(Data for analysis Opens)

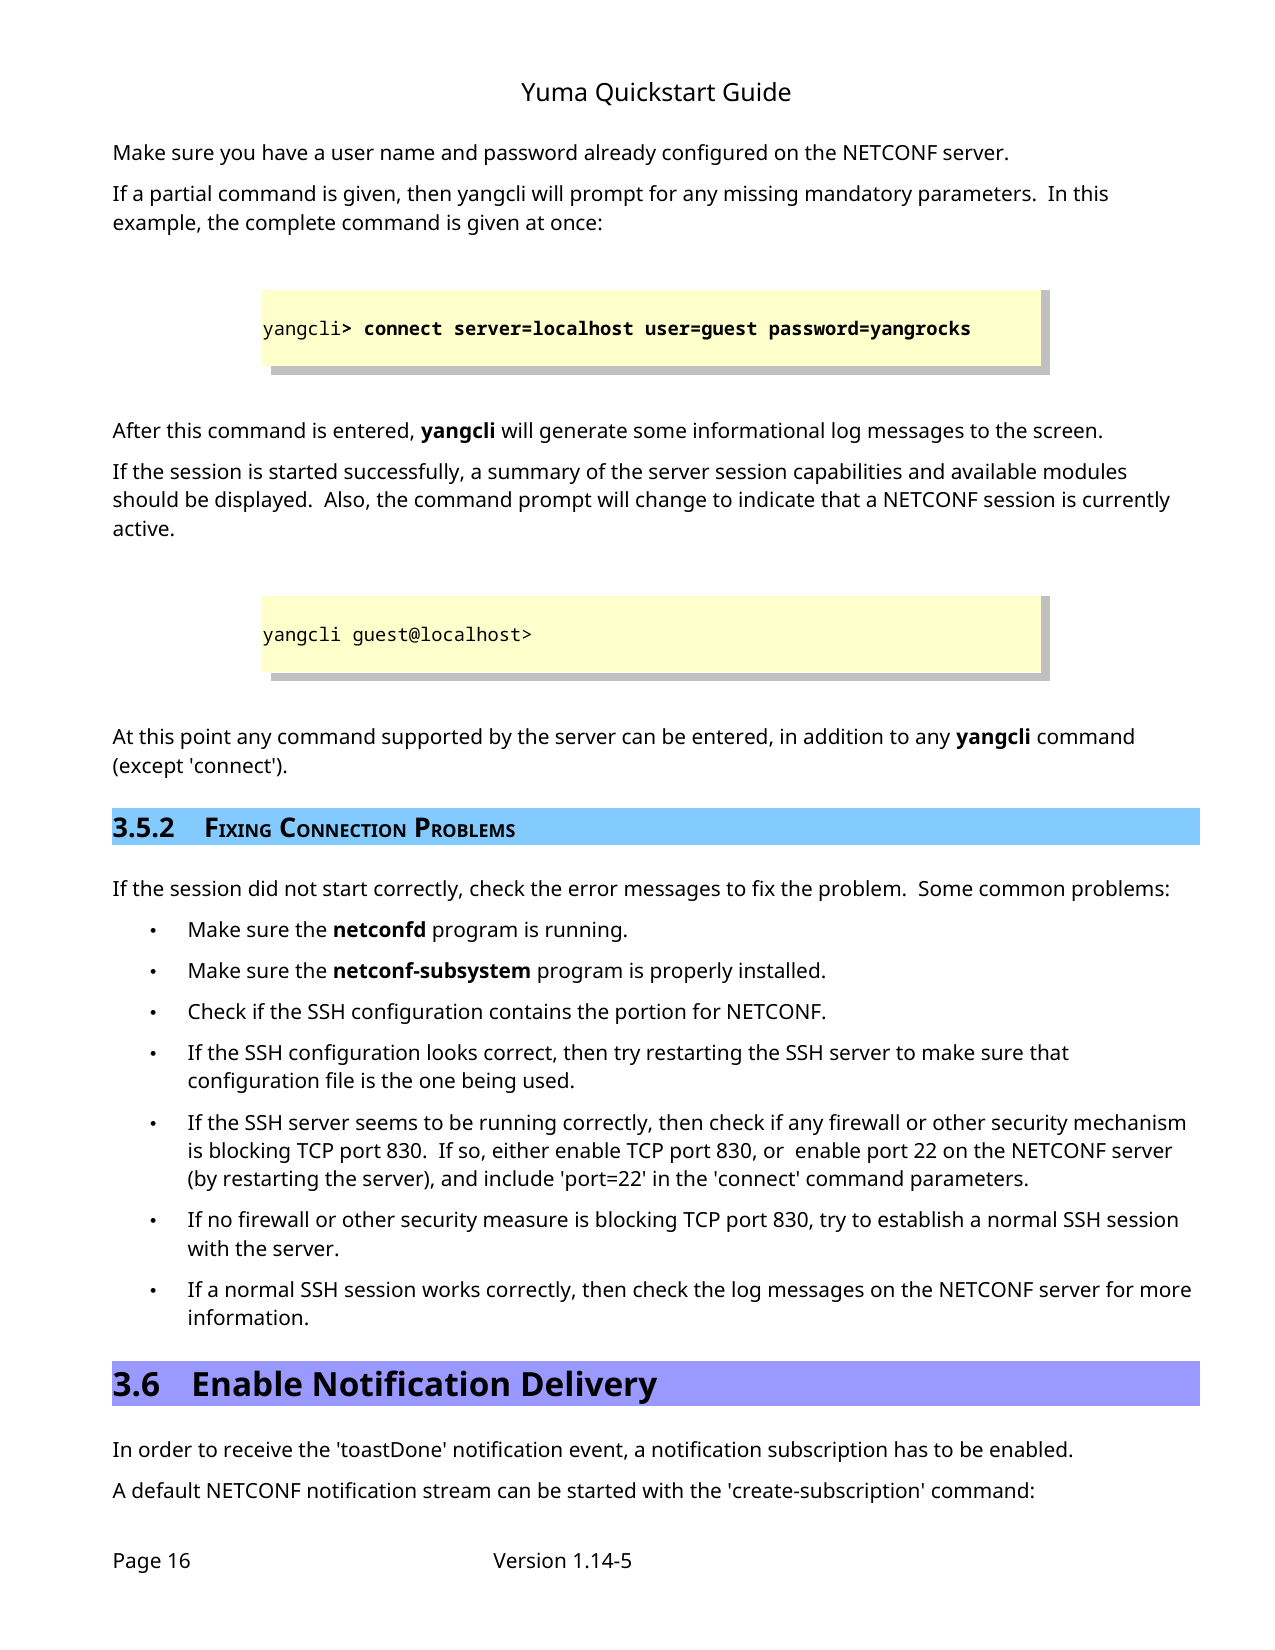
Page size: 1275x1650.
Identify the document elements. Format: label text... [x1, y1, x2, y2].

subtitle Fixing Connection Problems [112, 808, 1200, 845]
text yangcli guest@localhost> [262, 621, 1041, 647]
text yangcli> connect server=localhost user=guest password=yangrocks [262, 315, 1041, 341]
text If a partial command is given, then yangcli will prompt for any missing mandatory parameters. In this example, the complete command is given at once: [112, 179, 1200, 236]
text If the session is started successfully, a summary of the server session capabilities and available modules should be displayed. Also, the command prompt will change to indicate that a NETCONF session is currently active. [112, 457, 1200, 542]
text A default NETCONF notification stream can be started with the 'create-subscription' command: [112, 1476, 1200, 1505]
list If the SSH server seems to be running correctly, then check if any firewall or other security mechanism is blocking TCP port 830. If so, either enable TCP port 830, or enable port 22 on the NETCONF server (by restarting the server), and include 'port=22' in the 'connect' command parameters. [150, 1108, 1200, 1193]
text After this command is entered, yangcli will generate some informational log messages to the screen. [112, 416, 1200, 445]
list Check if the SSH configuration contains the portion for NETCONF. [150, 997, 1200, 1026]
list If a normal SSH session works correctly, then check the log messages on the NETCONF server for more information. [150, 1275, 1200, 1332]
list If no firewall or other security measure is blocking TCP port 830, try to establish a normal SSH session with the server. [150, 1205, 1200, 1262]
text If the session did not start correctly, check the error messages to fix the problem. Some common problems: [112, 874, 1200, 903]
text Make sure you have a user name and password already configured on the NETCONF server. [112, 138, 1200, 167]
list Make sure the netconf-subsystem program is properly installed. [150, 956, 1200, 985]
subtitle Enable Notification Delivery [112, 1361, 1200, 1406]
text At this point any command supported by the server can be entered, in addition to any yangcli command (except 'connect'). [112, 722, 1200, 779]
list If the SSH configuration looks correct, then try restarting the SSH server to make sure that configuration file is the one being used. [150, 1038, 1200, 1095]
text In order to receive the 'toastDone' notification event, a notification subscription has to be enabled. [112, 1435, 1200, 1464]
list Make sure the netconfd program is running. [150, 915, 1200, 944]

(Data for analysis Closes)

### Directions
Report only how many lines in the entries contain "localhost".

### Task solution
2